START Data shown

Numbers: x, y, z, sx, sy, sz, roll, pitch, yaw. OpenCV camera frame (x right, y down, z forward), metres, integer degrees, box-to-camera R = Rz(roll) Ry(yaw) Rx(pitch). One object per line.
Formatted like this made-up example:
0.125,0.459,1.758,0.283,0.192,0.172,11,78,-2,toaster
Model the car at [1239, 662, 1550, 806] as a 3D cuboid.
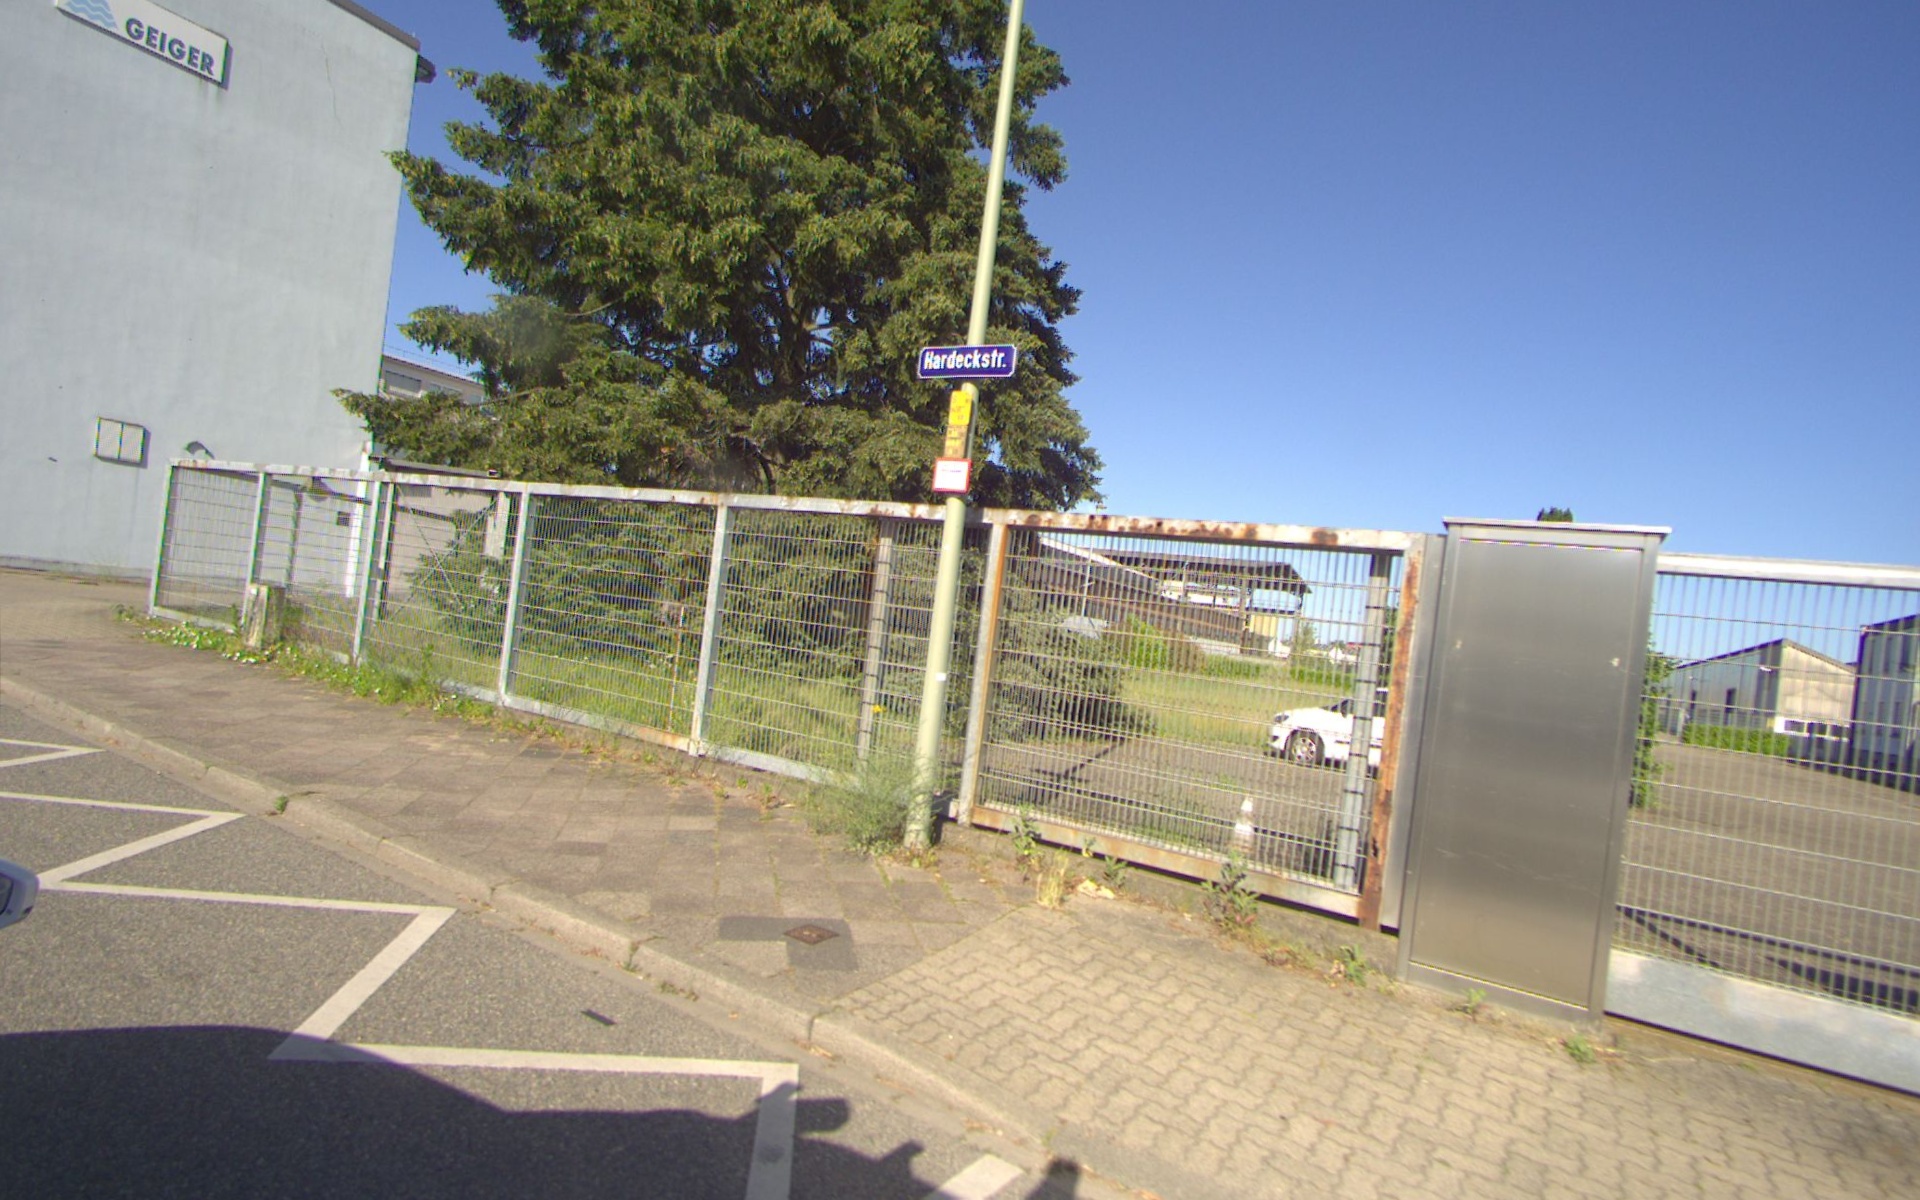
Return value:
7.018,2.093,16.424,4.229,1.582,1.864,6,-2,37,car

END Data shown

▶ Task to complete
Print every entry above verbatim but drop the images.

▶ Your response
Numbers: x, y, z, sx, sy, sz, roll, pitch, yaw. OpenCV camera frame (x right, y down, z forward), metres, integer degrees, box-to-camera R = Rz(roll) Ry(yaw) Rx(pitch). One object per line.
Formatted like this made-up example:
0.125,0.459,1.758,0.283,0.192,0.172,11,78,-2,toaster
Model the car at [1239, 662, 1550, 806] as a 3D cuboid.
Return value:
7.018,2.093,16.424,4.229,1.582,1.864,6,-2,37,car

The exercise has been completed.